The above would all be okay, but it turns out that given enough registers (x86 fails here) in most cases you are operating on the same set of values all the time, (indeed the stack locations each of the above is referring too is probably a small set of variables) so if the compiler is careful it can manage all that. The compiler has better information on when things need to be committed to memory anyway so let it handle that.

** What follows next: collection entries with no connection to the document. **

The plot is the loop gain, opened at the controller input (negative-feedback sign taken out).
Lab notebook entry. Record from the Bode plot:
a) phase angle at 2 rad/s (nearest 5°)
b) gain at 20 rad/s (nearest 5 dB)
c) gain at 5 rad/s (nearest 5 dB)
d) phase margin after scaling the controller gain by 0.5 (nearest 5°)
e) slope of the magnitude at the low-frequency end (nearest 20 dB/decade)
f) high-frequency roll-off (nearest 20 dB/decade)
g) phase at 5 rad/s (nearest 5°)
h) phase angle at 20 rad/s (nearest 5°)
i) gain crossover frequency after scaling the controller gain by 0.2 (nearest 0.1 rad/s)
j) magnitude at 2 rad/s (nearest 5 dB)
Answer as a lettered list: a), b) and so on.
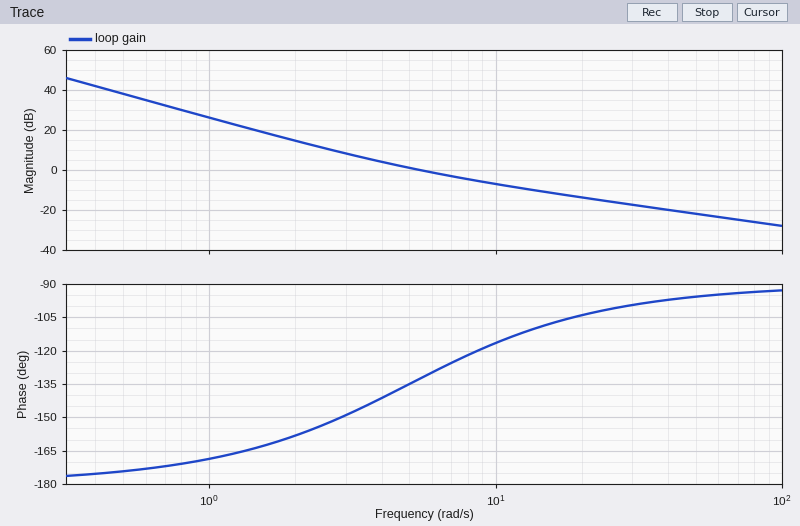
a) -160°
b) -15 dB
c) 0 dB
d) 35°
e) -40 dB/decade
f) -20 dB/decade
g) -135°
h) -105°
i) 2.1 rad/s
j) 15 dB
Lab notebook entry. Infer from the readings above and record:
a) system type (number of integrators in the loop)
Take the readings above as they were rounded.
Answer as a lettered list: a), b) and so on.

a) 2
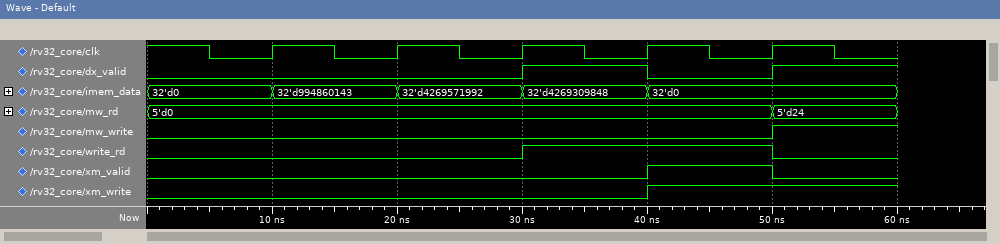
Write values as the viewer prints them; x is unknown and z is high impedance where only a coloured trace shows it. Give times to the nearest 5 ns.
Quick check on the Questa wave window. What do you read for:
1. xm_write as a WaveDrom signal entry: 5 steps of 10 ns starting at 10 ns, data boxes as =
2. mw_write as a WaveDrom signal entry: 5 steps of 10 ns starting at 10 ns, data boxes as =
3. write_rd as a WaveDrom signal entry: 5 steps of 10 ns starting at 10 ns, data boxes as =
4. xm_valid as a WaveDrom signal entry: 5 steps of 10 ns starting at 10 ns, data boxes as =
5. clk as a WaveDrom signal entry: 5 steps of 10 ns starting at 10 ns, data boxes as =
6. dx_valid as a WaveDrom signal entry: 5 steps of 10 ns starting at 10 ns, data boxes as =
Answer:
{name: 'xm_write', wave: '0..1.'}
{name: 'mw_write', wave: '0...1'}
{name: 'write_rd', wave: '0.1.0'}
{name: 'xm_valid', wave: '0..10'}
{name: 'clk', wave: 'p....'}
{name: 'dx_valid', wave: '0.101'}
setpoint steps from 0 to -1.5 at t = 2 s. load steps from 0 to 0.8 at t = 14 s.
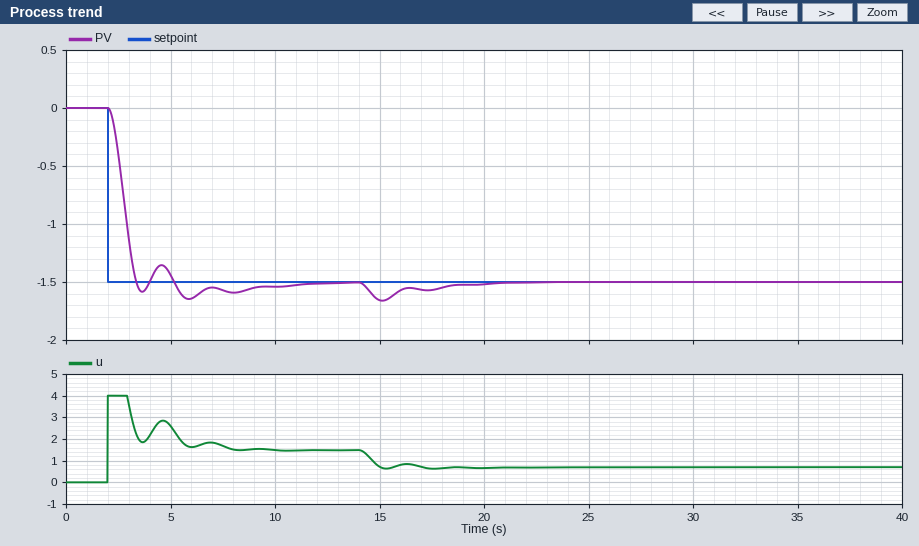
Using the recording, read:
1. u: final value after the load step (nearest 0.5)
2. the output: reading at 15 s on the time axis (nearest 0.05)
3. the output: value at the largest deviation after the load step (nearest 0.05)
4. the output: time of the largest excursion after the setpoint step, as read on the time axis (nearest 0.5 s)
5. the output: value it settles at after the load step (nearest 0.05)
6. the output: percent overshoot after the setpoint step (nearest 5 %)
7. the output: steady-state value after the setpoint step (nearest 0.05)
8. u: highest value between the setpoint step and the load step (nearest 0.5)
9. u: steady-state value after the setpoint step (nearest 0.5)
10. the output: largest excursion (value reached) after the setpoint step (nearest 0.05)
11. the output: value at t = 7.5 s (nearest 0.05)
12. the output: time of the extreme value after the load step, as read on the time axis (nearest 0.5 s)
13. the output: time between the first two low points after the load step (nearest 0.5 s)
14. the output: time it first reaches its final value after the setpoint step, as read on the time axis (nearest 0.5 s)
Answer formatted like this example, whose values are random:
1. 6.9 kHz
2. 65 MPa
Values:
1. 0.5
2. -1.65
3. -1.65
4. 6.0 s
5. -1.50
6. 10 %
7. -1.50
8. 4.0
9. 1.5
10. -1.65
11. -1.55
12. 15.0 s
13. 2.0 s
14. 3.5 s

Not really. The TMS9900 [1] used memory as registers and had a fairly compact instruction set. Yes, it does have registers, but only three (a program counter, a status register, and a pointer to the current "register set" in memory). At the time, it was regarded as a slow machine, probably because of all the memory-to-memory operations.

[1] https://en.wikipedia.org/wiki/Texas_Instruments_TMS9900

Sure, this is one technique. You could also, akin to jump instructions, have a concept of data locality, versus instruction locality. You can do this is a lot of ways without resorting to something like segmentation, which everybody hates. Trivial would be something like a current "data pointer", which would see useful implicit updates, and well as explicit ones (akin to a long jump).
Not all CPUs do register renaming, and almost all architectures will have started out being defined for a CPU which didn't do renaming. Even today, lower end CPUs (think the embedded market) don't do register renaming. If you want your architecture to be able to cover down to the low end then anything that drops the idea of a register file is a non-starter. Also, a register-based architecture is well understood, in terms of how to implement it effectively, how to exploit it in compiler design, and how to hand-code assembly for it when necessary. You need a really strong argument to justify taking the weird and innovative route, usually.